And this is why I can't share the sense of satisfaction I sense in some of my "prophetic" friends. I believe the first step in culture making is not creating (let alone condemning, critiquing, or consuming) but cultivating: keeping what is already good in culture, good. American Christians, on the right and the left, have been painfully bad at cultivating. We want to jump to "transformation" and "impact" (words generally used on the right) or to "resistance" and "revolution" (favored words of the left). We often seem incapable of seeing ourselves first as gardeners: people whose first cultural calling is to keep good what is, by the common grace of God, already good. A gardener does not pull out weeds because she hates weeds; she pulls out weeds because she loves the garden, and because (hopefully) there are more vegetables or flowers in it than weeds. This kind of love of the garden—loving our broken, beautiful cultures for what they are at their best—is the precondition, I am coming to believe, for any serious cultural creativity or influence. When weeds infest the garden, the gardener does not take the opportunity to decry the corruption of the garden as a whole. She gets patiently, discerningly, to work keeping the garden good.
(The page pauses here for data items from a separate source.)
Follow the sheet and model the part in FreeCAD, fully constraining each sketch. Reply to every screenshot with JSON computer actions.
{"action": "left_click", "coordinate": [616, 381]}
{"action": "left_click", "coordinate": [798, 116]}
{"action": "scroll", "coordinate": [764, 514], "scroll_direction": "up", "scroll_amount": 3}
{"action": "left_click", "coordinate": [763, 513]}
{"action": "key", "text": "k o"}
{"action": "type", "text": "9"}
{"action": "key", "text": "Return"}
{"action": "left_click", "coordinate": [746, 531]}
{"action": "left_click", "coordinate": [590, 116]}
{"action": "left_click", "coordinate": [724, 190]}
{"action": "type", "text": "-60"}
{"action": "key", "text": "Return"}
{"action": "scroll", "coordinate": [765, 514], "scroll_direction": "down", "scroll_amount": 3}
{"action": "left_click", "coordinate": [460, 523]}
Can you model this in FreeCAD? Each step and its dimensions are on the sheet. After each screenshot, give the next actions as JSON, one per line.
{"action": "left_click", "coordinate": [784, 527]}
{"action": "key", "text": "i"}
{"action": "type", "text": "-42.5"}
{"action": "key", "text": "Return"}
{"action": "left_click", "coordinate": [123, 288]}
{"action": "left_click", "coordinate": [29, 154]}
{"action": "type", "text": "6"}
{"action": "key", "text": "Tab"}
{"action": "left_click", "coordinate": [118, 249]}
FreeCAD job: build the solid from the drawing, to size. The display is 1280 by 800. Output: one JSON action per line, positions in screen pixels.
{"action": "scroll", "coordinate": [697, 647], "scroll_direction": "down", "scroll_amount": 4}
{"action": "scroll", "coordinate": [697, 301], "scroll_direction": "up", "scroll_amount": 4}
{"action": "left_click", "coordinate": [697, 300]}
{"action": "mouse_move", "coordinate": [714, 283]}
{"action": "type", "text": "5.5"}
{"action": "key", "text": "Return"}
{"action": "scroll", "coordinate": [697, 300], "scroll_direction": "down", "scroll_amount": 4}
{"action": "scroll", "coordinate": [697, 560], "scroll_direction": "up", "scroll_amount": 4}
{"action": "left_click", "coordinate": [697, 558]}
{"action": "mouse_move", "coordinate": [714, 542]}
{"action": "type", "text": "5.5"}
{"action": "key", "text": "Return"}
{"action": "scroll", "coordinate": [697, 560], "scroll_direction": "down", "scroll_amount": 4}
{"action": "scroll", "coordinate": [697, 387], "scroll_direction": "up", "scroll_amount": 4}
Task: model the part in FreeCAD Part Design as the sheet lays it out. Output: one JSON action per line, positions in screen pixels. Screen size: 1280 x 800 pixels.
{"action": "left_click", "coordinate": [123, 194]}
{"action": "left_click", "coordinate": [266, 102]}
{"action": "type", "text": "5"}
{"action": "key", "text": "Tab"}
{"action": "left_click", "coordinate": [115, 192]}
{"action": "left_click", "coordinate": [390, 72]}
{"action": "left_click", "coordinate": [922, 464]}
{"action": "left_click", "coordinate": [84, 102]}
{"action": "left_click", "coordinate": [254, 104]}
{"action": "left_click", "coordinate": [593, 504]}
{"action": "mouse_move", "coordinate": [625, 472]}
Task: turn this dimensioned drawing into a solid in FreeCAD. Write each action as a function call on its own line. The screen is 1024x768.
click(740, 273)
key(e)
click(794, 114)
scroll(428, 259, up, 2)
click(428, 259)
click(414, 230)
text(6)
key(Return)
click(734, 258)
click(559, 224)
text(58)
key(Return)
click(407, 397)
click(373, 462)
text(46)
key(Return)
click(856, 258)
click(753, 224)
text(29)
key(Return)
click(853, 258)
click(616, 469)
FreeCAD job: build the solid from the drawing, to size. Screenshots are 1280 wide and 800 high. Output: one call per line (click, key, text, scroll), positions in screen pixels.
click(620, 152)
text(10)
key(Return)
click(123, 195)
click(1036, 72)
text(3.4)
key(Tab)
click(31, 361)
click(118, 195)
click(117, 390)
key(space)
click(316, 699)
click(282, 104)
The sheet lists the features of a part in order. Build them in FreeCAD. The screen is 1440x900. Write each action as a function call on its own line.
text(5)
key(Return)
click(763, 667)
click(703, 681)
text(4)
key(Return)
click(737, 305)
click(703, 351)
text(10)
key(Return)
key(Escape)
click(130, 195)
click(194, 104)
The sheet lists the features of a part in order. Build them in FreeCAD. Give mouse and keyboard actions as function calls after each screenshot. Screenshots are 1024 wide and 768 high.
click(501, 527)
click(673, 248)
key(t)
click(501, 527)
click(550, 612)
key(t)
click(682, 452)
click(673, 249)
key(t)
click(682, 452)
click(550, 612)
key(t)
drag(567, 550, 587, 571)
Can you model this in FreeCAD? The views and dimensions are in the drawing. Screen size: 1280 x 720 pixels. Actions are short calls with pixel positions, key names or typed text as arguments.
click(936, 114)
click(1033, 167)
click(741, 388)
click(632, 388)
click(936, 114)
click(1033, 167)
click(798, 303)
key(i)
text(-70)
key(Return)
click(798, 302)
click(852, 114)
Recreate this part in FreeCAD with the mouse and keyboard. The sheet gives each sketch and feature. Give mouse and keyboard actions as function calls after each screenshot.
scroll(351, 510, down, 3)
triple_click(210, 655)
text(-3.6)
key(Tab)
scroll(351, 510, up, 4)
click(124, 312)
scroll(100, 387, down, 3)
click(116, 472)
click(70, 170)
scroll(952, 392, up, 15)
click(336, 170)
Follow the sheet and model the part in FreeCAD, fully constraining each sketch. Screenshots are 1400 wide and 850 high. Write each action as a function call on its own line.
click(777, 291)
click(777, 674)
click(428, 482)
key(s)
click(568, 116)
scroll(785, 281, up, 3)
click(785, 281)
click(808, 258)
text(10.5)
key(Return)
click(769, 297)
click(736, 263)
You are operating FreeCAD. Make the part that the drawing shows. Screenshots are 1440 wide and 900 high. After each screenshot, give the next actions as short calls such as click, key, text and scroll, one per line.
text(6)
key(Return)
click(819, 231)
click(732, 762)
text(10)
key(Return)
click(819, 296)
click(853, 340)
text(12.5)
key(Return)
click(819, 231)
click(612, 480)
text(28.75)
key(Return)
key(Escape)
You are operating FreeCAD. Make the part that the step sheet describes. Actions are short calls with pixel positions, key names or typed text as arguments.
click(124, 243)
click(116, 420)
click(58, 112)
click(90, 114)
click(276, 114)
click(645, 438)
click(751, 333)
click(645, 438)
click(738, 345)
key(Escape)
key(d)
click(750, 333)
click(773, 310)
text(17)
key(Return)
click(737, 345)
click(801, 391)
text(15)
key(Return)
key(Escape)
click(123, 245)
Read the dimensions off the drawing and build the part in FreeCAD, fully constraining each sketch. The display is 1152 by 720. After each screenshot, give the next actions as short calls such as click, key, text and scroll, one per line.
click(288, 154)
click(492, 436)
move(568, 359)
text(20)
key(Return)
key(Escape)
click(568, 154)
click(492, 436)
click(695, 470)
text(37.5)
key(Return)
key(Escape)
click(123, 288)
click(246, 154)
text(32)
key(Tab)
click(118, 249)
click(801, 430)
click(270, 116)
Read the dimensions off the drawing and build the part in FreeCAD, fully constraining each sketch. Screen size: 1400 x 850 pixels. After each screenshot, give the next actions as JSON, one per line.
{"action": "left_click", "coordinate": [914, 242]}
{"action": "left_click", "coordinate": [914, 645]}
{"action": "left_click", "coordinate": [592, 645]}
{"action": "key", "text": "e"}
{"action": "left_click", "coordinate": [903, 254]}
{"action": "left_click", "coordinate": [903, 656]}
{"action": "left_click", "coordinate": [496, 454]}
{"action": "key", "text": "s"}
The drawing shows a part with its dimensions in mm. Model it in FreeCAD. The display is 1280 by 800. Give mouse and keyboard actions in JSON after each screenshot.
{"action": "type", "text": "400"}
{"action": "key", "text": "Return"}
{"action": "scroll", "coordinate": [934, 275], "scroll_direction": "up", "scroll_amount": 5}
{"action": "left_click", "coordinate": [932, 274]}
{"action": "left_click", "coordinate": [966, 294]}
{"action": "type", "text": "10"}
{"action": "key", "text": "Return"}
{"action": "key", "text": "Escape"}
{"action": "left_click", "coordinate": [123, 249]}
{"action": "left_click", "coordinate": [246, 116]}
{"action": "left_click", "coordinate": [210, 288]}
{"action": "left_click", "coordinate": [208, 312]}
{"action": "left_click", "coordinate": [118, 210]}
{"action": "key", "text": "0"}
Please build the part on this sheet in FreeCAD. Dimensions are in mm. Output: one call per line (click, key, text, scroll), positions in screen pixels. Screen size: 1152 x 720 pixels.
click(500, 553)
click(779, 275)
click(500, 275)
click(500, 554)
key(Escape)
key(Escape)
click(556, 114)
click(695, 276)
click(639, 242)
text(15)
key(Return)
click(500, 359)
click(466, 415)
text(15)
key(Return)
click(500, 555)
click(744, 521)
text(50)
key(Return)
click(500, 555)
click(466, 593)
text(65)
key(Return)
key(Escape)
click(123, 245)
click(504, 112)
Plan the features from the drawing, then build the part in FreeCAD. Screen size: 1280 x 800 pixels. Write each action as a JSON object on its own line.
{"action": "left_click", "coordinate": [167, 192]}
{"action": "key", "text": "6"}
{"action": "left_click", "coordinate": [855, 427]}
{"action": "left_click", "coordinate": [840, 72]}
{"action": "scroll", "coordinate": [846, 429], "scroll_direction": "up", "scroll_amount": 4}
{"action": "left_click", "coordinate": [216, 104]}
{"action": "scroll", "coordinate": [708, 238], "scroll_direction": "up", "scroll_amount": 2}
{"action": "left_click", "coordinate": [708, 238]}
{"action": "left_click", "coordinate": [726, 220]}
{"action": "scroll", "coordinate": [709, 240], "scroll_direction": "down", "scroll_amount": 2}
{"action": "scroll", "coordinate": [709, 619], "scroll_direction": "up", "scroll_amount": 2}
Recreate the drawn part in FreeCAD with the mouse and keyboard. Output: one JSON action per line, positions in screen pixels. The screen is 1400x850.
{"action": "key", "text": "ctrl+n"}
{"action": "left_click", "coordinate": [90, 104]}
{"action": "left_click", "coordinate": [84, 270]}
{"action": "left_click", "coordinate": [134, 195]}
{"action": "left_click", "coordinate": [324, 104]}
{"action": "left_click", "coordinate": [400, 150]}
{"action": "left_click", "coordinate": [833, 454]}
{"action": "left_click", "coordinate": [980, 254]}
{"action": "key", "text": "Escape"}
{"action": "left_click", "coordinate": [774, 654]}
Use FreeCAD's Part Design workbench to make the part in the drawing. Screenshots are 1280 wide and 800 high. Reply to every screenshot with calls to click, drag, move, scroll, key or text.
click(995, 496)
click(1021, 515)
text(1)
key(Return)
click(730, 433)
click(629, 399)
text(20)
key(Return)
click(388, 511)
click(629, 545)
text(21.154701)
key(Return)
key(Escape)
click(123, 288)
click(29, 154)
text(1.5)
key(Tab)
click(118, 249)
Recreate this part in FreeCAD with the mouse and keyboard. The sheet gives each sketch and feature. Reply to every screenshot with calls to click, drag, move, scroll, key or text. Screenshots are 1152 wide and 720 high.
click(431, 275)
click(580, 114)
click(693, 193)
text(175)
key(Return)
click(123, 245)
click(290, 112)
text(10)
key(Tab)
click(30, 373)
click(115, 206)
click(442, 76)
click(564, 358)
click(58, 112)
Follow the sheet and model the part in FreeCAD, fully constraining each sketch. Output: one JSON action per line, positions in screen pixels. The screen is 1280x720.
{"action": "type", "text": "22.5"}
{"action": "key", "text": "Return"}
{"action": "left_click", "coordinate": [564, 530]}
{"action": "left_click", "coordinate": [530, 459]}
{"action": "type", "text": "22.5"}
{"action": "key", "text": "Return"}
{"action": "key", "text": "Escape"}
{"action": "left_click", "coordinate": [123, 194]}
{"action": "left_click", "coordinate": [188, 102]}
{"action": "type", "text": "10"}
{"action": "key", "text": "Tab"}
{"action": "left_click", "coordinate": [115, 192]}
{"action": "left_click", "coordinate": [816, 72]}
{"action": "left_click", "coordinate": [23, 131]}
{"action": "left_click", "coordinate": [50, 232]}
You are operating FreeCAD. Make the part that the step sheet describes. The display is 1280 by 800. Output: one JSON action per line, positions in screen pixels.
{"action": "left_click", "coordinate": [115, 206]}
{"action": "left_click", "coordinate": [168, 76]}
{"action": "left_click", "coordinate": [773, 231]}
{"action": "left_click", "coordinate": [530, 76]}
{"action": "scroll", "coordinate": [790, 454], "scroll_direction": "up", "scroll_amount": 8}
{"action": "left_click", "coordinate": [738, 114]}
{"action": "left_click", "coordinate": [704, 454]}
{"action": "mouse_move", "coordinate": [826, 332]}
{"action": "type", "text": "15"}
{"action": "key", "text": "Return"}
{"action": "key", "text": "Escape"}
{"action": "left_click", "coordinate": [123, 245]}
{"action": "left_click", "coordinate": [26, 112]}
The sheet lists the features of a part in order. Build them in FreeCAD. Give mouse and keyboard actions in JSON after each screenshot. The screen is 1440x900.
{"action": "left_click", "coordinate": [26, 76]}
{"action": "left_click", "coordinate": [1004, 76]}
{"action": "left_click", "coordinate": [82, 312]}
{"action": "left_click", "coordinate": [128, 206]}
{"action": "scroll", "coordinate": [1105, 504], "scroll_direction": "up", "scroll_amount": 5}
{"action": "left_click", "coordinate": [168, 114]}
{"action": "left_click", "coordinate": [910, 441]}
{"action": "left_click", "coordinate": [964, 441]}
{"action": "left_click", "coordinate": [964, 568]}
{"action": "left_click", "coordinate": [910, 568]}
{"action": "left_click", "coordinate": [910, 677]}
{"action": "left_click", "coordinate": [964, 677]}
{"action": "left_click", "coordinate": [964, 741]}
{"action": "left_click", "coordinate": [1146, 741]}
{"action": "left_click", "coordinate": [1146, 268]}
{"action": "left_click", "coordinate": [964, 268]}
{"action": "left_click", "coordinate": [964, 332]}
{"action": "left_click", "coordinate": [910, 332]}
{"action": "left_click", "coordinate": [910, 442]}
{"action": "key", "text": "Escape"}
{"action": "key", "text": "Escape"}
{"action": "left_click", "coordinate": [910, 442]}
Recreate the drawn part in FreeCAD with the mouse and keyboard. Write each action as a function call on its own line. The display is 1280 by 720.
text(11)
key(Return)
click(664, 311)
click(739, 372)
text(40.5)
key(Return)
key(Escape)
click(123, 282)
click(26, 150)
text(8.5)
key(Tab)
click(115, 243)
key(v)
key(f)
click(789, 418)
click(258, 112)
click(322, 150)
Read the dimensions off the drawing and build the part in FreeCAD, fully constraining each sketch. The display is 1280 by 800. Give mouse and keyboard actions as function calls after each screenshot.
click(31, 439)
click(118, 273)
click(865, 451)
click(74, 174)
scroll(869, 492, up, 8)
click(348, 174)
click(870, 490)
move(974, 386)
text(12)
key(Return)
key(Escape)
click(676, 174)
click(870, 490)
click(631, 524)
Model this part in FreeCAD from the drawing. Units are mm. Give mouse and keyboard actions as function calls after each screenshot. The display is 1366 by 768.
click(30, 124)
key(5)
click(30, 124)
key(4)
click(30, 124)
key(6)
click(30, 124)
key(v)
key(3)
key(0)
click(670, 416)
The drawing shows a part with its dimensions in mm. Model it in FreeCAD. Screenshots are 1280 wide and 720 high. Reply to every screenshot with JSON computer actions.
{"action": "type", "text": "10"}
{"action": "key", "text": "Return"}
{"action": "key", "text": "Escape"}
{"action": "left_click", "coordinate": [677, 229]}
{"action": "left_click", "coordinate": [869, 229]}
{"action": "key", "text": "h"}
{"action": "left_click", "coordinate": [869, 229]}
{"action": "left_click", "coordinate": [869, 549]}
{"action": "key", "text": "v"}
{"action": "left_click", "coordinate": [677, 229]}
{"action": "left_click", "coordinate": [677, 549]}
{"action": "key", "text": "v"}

So why am I hopeful? Because I believe the coming years are going to reveal some pernicious weeds in our culture for what they are. One of the characteristics of weeds is that they suck up resources from other plants. They are quick-growing, quick-spreading, invasive. They do not coexist with the other plants in the garden, they overtake them. Kudzu is a weed not because it is unattractive in its own way or even has no rightful place in the ecosystem, but because it grows over and chokes out other valuable and beautiful things. Weeds are, as every gardener knows, the easiest thing to grow.
And I believe the fundamental weed in the American garden is, in fact, ease. Easy-ness. Effortlessness. Along with the incredible benefits of the rise of technology has been this terrible weed: the idea that things should be easy. The Staples office-supply chain has profited handsomely selling the ultimate symbol of our times: a plastic button that does absolutely nothing but is great fun to push, labeled "easy."